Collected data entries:
┌────────

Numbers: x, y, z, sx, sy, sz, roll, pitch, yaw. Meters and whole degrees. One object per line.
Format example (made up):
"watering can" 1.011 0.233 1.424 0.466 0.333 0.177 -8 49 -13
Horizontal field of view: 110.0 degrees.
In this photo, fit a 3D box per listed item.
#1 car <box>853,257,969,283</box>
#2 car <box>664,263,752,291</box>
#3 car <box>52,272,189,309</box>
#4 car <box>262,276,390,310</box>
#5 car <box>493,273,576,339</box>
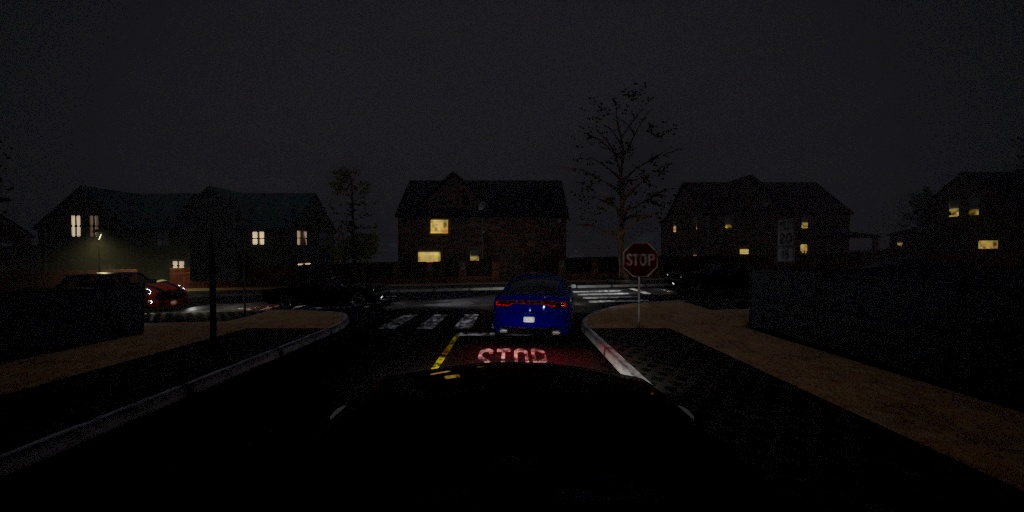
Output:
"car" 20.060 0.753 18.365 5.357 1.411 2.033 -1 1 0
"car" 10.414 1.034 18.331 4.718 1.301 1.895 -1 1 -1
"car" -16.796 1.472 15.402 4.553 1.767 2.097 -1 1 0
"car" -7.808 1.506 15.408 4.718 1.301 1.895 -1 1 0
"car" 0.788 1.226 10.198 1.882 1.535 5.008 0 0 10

└────────
┌────────

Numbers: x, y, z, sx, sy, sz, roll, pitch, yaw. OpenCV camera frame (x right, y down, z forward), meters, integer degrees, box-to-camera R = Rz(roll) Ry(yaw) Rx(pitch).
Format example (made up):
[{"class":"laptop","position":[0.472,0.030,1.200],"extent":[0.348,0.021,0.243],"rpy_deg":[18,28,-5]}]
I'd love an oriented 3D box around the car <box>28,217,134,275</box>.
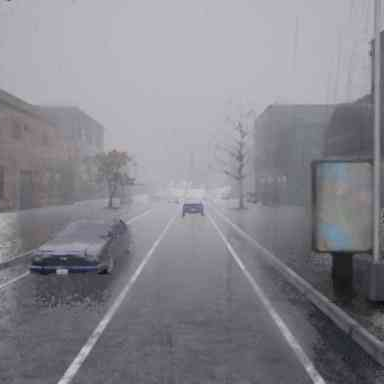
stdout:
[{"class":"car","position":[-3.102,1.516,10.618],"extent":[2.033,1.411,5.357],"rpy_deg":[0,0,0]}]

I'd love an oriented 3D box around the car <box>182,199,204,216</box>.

└────────
┌────────

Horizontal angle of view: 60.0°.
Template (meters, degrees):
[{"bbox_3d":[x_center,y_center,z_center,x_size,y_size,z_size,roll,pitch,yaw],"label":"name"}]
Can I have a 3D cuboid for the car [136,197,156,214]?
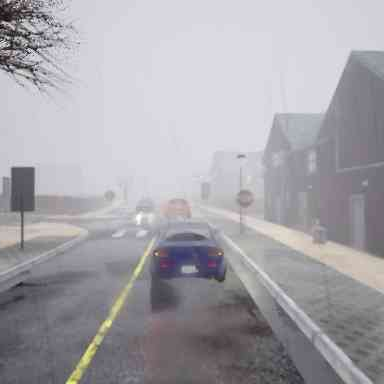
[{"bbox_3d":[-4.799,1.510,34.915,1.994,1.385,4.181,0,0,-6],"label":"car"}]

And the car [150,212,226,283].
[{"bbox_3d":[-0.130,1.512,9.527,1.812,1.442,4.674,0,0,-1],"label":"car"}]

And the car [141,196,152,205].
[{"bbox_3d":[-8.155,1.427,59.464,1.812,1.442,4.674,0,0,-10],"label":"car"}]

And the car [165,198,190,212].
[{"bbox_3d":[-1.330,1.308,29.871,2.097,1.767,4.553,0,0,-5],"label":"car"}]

└────────

Instructions to follow:
Would you output, from the records above, exactly the run of lines that starts at the line containing "#4 car <box>262,276,390,310</box>" and ends at the line containing "#5 car <box>493,273,576,339</box>", and only that run?

Exercise output:
#4 car <box>262,276,390,310</box>
#5 car <box>493,273,576,339</box>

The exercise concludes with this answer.